É preciso garantir que aquelas pessoas quando voltam aos seus países de origem ou de trânsito tenham condições para uma reintegração, para que volvidos alguns meses as mesmas pessoas não tentem novamente entrar e conseguirmos romper com este processo cíclico.
É perceber se é necessário apoio psicossocial e ajudar à criação de um plano de negócios, por exemplo. Mesmo quando não há um projeto, podemos estabelecer contactos no país de origem e, além da OIM local, há sempre outras entidades que podem apoiar.
Portugal tem um programa de apoio à reintegração e desde 2019, já apoiamos o regresso ao país de origem de 525 migrantes, sendo que destes 200 eram menores. A nacionalidade mais significativa é a brasileira e falamos de crianças com contexto familiar.
Há medidas a serem debatidas no que diz respeito ao controlo sanitário e de fronteiras?
Num futuro próximo, vamos ter de provar que temos condições de saúde para viajar e, portanto, o controlo sanitário vai ser essencial na gestão das fronteiras. É importante garantir que existem mecanismos, preferencialmente digitais, que permitam demonstrar esse controlo sanitário; depois, será necessário garantir a formação de quem está nas fronteiras e ainda garantir que a Europa Digital elimine procedimentos burocráticos.
Outros dos pontos em que temos insistido é o aumento das vias legais de migração.
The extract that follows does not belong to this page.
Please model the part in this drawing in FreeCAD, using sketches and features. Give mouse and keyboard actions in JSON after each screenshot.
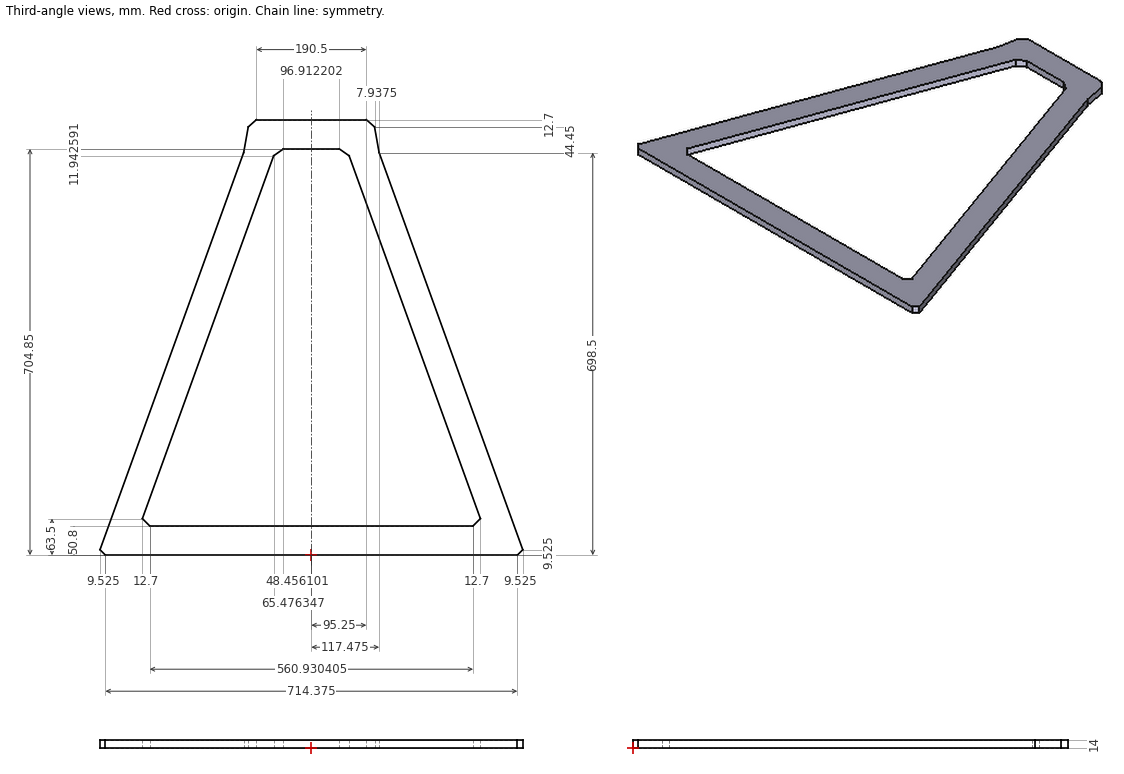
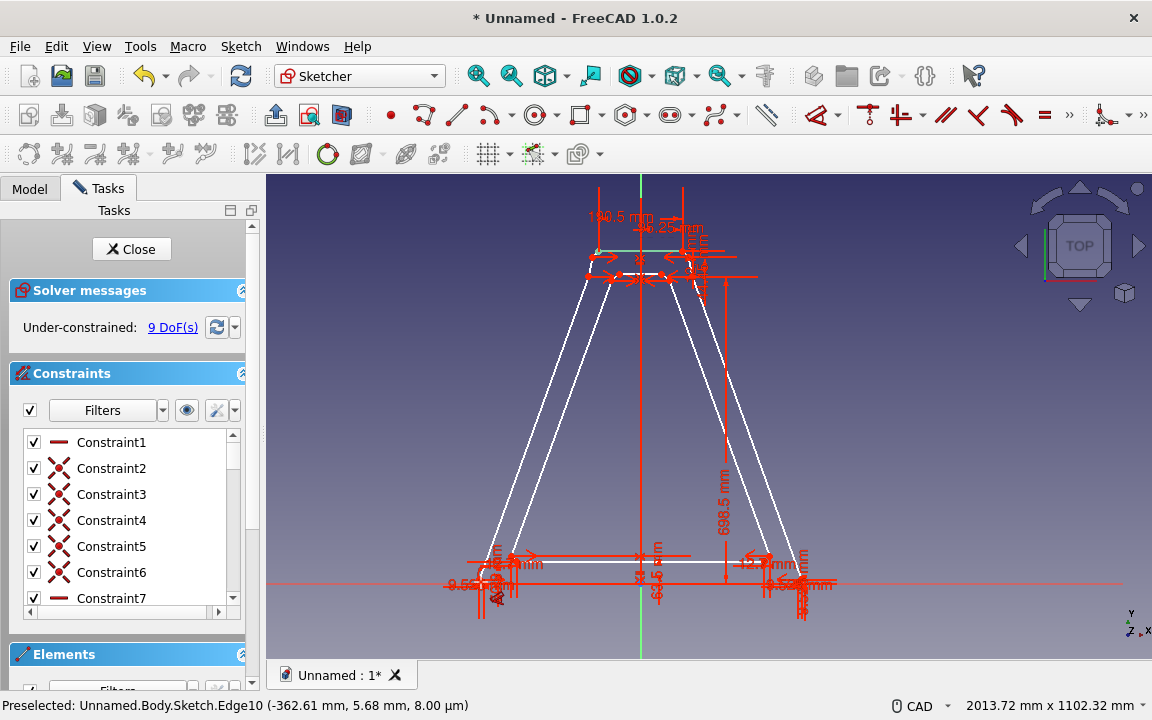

É importante garantir que os migrantes que estejam fora da UE possam entrar de forma legal e para isso é preciso criar mais mecanismos que o permitam, seja através do aumento das quotas de reinstalação ou outros programas.
O mais importante é garantir que em vez de apanhar um barco de forma irregular, aquelas pessoas possam pedir para entrar na EU de forma legal e há mecanismos para isso.
Precisamos ainda de criar rotas de migração laboral flexíveis e acessíveis. Em 2019, a UE teve saldo populacional negativo, ou seja, houve mais cidadãos a morrer do que a nascer e isto vai ter efeitos nomeadamente a nível laboral, inclusive em Portugal.
O caso de Portugal é dramático. Nós temos uma taxa de natalidade comparável a países em guerra e somos dos países mais envelhecidos da União Europeia.
Há poucas soluções para isto. A primeira é a criação de uma política de natalidade que incentive os jovens a quererem ter filhos e inevitavelmente criar mecanismos que permitam às pessoas que estão num país trabalhar noutro.
Não se trata de abrir completamente as fronteiras, mas sim de criar mecanismos em que o processo migratório seja feito em total segurança para todos e trazendo benefícios para os migrantes, que encontram o trabalho que procuram; para o país de origem, que passará a receber remessas, e para o de destino, porque ganha um trabalhador que contribui para a sociedade.